Using estimates from the literature of the efficacy of azithromycin and doxycycline in treating genital and rectal chlamydial infections, along with some simple assumptions, we have obtained estimates of the percentage chance of remaining free of chlamydia after treatment for genital chlamydia when the possibility of autoinoculation from rectum to genitals is taken into account. If autoinoculation does not occur, the efficacies of azithromycin and doxycycline are as reported in the systematic review (94.3% for azithromycin and 97.1% for doxycycline) and there is approximately a 2-fold greater chance of not clearing the infection with azithromycin. If autoinoculation has a high probability of occurring, then the efficacy of azithromycin may be as low as 81.9% when a patient’s rectal infection status is unknown, and as low as 78.2% if the patient is known before treatment to have a rectal infection. This means that the chance of not clearing an infection could be 6 times greater with azithromycin compared with doxycycline. It has usually been assumed that new infections detected after treatment for genital infection are due to re-infection by a partner, but it may be that some are due to autoinoculation. The disparity in efficacies provides further support for the careful re-evaluation of azithromycin as the preferred treatment for chlamydia.
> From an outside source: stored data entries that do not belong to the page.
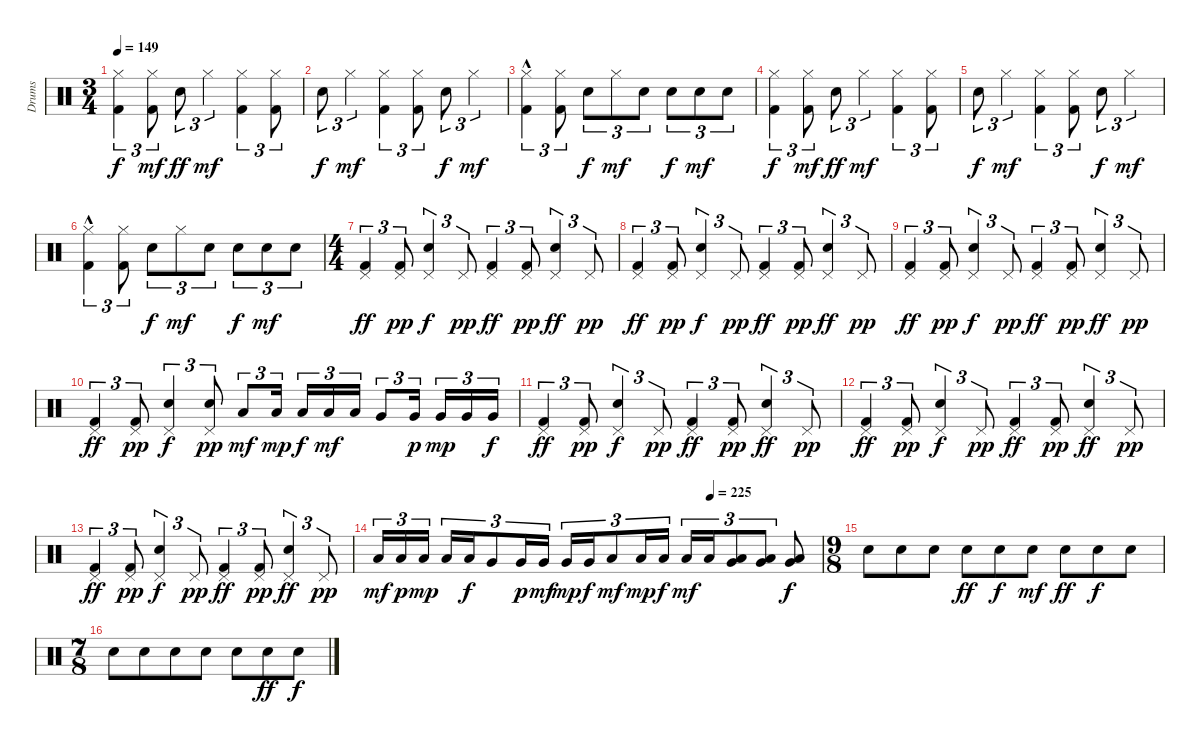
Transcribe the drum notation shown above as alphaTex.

\track ("Drums" "Drums") {instrument percussion}
\staff {score}
\articulation defaults
\ts (3 4)
\tempo 149
\clef neutral
\ks c
("Kick (hit) 2" "Hi-Hat (closed)").4{tu (3 2) dy f} ("Kick (hit) 2" "Hi-Hat (closed)").8{tu (3 2) dy mf} "Snare (hit) 2".8{tu (3 2) dy ff} "Hi-Hat (closed)".4{tu (3 2) dy mf} ("Kick (hit) 2" "Hi-Hat (closed)").4{tu (3 2)} ("Kick (hit) 2" "Hi-Hat (closed)").8{tu (3 2)} |
"Snare (hit) 2".8{tu (3 2) dy f} "Hi-Hat (closed)".4{tu (3 2) dy mf} ("Kick (hit) 2" "Hi-Hat (closed)").4{tu (3 2)} ("Kick (hit) 2" "Hi-Hat (closed)").8{tu (3 2)} "Snare (hit) 2".8{tu (3 2) dy f} "Hi-Hat (closed)".4{tu (3 2) dy mf} |
("Kick (hit) 2" "Hi-Hat (closed)"{hac}).4{tu (3 2)} ("Kick (hit) 2" "Hi-Hat (closed)").8{tu (3 2)} "Snare (hit) 2".8{tu (3 2) dy f} "Hi-Hat (closed)".8{tu (3 2) dy mf} "Snare (hit) 2".8{tu (3 2)} "Snare (hit) 2".8{tu (3 2) dy f} "Snare (hit) 2".8{tu (3 2) dy mf} "Snare (hit) 2".8{tu (3 2)} |
("Kick (hit) 2" "Hi-Hat (closed)").4{tu (3 2) dy f} ("Kick (hit) 2" "Hi-Hat (closed)").8{tu (3 2) dy mf} "Snare (hit) 2".8{tu (3 2) dy ff} "Hi-Hat (closed)".4{tu (3 2) dy mf} ("Kick (hit) 2" "Hi-Hat (closed)").4{tu (3 2)} ("Kick (hit) 2" "Hi-Hat (closed)").8{tu (3 2)} |
"Snare (hit) 2".8{tu (3 2) dy f} "Hi-Hat (closed)".4{tu (3 2) dy mf} ("Kick (hit) 2" "Hi-Hat (closed)").4{tu (3 2)} ("Kick (hit) 2" "Hi-Hat (closed)").8{tu (3 2)} "Snare (hit) 2".8{tu (3 2) dy f} "Hi-Hat (closed)".4{tu (3 2) dy mf} |
("Kick (hit) 2" "Hi-Hat (closed)"{hac}).4{tu (3 2)} ("Kick (hit) 2" "Hi-Hat (closed)").8{tu (3 2)} "Snare (hit) 2".8{tu (3 2) dy f} "Hi-Hat (closed)".8{tu (3 2) dy mf} "Snare (hit) 2".8{tu (3 2)} "Snare (hit) 2".8{tu (3 2) dy f} "Snare (hit) 2".8{tu (3 2) dy mf} "Snare (hit) 2".8{tu (3 2)} |
\ts (4 4)
("Kick (hit) 2" "Pedal Hi-Hat (hit)").4{tu (3 2) dy ff} ("Kick (hit) 2" "Pedal Hi-Hat (hit)").8{tu (3 2) dy pp} ("Snare (hit) 2" "Pedal Hi-Hat (hit)").4{tu (3 2) dy f} "Pedal Hi-Hat (hit)".8{tu (3 2) dy pp} ("Kick (hit) 2" "Pedal Hi-Hat (hit)").4{tu (3 2) dy ff} ("Kick (hit) 2" "Pedal Hi-Hat (hit)").8{tu (3 2) dy pp} ("Snare (hit) 2" "Pedal Hi-Hat (hit)").4{tu (3 2) dy ff} "Pedal Hi-Hat (hit)".8{tu (3 2) dy pp} |
("Kick (hit) 2" "Pedal Hi-Hat (hit)").4{tu (3 2) dy ff} ("Kick (hit) 2" "Pedal Hi-Hat (hit)").8{tu (3 2) dy pp} ("Snare (hit) 2" "Pedal Hi-Hat (hit)").4{tu (3 2) dy f} "Pedal Hi-Hat (hit)".8{tu (3 2) dy pp} ("Kick (hit) 2" "Pedal Hi-Hat (hit)").4{tu (3 2) dy ff} ("Kick (hit) 2" "Pedal Hi-Hat (hit)").8{tu (3 2) dy pp} ("Snare (hit) 2" "Pedal Hi-Hat (hit)").4{tu (3 2) dy ff} "Pedal Hi-Hat (hit)".8{tu (3 2) dy pp} |
("Kick (hit) 2" "Pedal Hi-Hat (hit)").4{tu (3 2) dy ff} ("Kick (hit) 2" "Pedal Hi-Hat (hit)").8{tu (3 2) dy pp} ("Snare (hit) 2" "Pedal Hi-Hat (hit)").4{tu (3 2) dy f} "Pedal Hi-Hat (hit)".8{tu (3 2) dy pp} ("Kick (hit) 2" "Pedal Hi-Hat (hit)").4{tu (3 2) dy ff} ("Kick (hit) 2" "Pedal Hi-Hat (hit)").8{tu (3 2) dy pp} ("Snare (hit) 2" "Pedal Hi-Hat (hit)").4{tu (3 2) dy ff} "Pedal Hi-Hat (hit)".8{tu (3 2) dy pp} |
("Kick (hit) 2" "Pedal Hi-Hat (hit)").4{tu (3 2) dy ff} ("Kick (hit) 2" "Pedal Hi-Hat (hit)").8{tu (3 2) dy pp} ("Snare (hit) 2" "Pedal Hi-Hat (hit)").4{tu (3 2) dy f} ("Snare (hit) 2" "Pedal Hi-Hat (hit)").8{tu (3 2) dy pp} "Low Tom (hit)".8{tu (3 2) dy mf} "Low Tom (hit)".16{tu (3 2) dy mp} "Low Tom (hit)".16{tu (3 2) dy f} "Low Tom (hit)".16{tu (3 2) dy mf} "Low Tom (hit)".16{tu (3 2)} "Very Low Tom (hit)".8{tu (3 2)} "Very Low Tom (hit)".16{tu (3 2) dy p} "Very Low Tom (hit)".16{tu (3 2) dy mp} "Very Low Tom (hit)".16{tu (3 2)} "Very Low Tom (hit)".16{tu (3 2) dy f} |
("Kick (hit) 2" "Pedal Hi-Hat (hit)").4{tu (3 2) dy ff} ("Kick (hit) 2" "Pedal Hi-Hat (hit)").8{tu (3 2) dy pp} ("Snare (hit) 2" "Pedal Hi-Hat (hit)").4{tu (3 2) dy f} "Pedal Hi-Hat (hit)".8{tu (3 2) dy pp} ("Kick (hit) 2" "Pedal Hi-Hat (hit)").4{tu (3 2) dy ff} ("Kick (hit) 2" "Pedal Hi-Hat (hit)").8{tu (3 2) dy pp} ("Snare (hit) 2" "Pedal Hi-Hat (hit)").4{tu (3 2) dy ff} "Pedal Hi-Hat (hit)".8{tu (3 2) dy pp} |
("Kick (hit) 2" "Pedal Hi-Hat (hit)").4{tu (3 2) dy ff} ("Kick (hit) 2" "Pedal Hi-Hat (hit)").8{tu (3 2) dy pp} ("Snare (hit) 2" "Pedal Hi-Hat (hit)").4{tu (3 2) dy f} "Pedal Hi-Hat (hit)".8{tu (3 2) dy pp} ("Kick (hit) 2" "Pedal Hi-Hat (hit)").4{tu (3 2) dy ff} ("Kick (hit) 2" "Pedal Hi-Hat (hit)").8{tu (3 2) dy pp} ("Snare (hit) 2" "Pedal Hi-Hat (hit)").4{tu (3 2) dy ff} "Pedal Hi-Hat (hit)".8{tu (3 2) dy pp} |
("Kick (hit) 2" "Pedal Hi-Hat (hit)").4{tu (3 2) dy ff} ("Kick (hit) 2" "Pedal Hi-Hat (hit)").8{tu (3 2) dy pp} ("Snare (hit) 2" "Pedal Hi-Hat (hit)").4{tu (3 2) dy f} "Pedal Hi-Hat (hit)".8{tu (3 2) dy pp} ("Kick (hit) 2" "Pedal Hi-Hat (hit)").4{tu (3 2) dy ff} ("Kick (hit) 2" "Pedal Hi-Hat (hit)").8{tu (3 2) dy pp} ("Snare (hit) 2" "Pedal Hi-Hat (hit)").4{tu (3 2) dy ff} "Pedal Hi-Hat (hit)".8{tu (3 2) dy pp} |
\tempo (225 0.75)
"Low Floor Tom (hit)".16{tu (3 2) dy mf} "Low Floor Tom (hit)".16{tu (3 2) dy p} "Low Floor Tom (hit)".16{tu (3 2) dy mp} "Low Floor Tom (hit)".16{tu (3 2)} "Low Floor Tom (hit)".16{tu (3 2) dy f} "Very Low Tom (hit)".8{tu (3 2)} "Very Low Tom (hit)".16{tu (3 2) dy p} "Very Low Tom (hit)".16{tu (3 2) dy mf} "Very Low Tom (hit)".16{tu (3 2) dy mp} "Very Low Tom (hit)".16{tu (3 2) dy f} "Low Tom (hit)".8{tu (3 2) dy mf} "Low Tom (hit)".16{tu (3 2) dy mp} "Low Tom (hit)".16{tu (3 2) dy f} "Low Tom (hit)".16{tu (3 2) dy mf} "Low Tom (hit)".16{tu (3 2)} ("Very Low Tom (hit)" "Low Floor Tom (hit)").8{tu (3 2)} ("Very Low Tom (hit)" "Low Floor Tom (hit)").8{tu (3 2)} ("Very Low Tom (hit)" "Low Floor Tom (hit)").8{dy f} |
\ts (9 8)
"Snare (hit) 2".8 "Snare (hit) 2".8 "Snare (hit) 2".8 "Snare (hit) 2".8{dy ff} "Snare (hit) 2".8{dy f} "Snare (hit) 2".8{dy mf} "Snare (hit) 2".8{dy ff} "Snare (hit) 2".8{dy f} "Snare (hit) 2".8 |
\ts (7 8)
"Snare (hit) 2".8 "Snare (hit) 2".8 "Snare (hit) 2".8 "Snare (hit) 2".8 "Snare (hit) 2".8 "Snare (hit) 2".8{dy ff} "Snare (hit) 2".8{dy f}

Measuring the probability that autoinoculation from rectum to genitals occurs would be difficult. Assuming that there is some daily chance that autoinoculation occurs, whether autoinoculation has taken place would be a function of time since treatment. However, this is also the case for re-infection from a partner, and it would be difficult to separate the effects of these two mechanisms of re-infection. We recommend post-treatment tests for re-infection at both genital and rectal sites, as this will of course capture re-infection regardless of its source.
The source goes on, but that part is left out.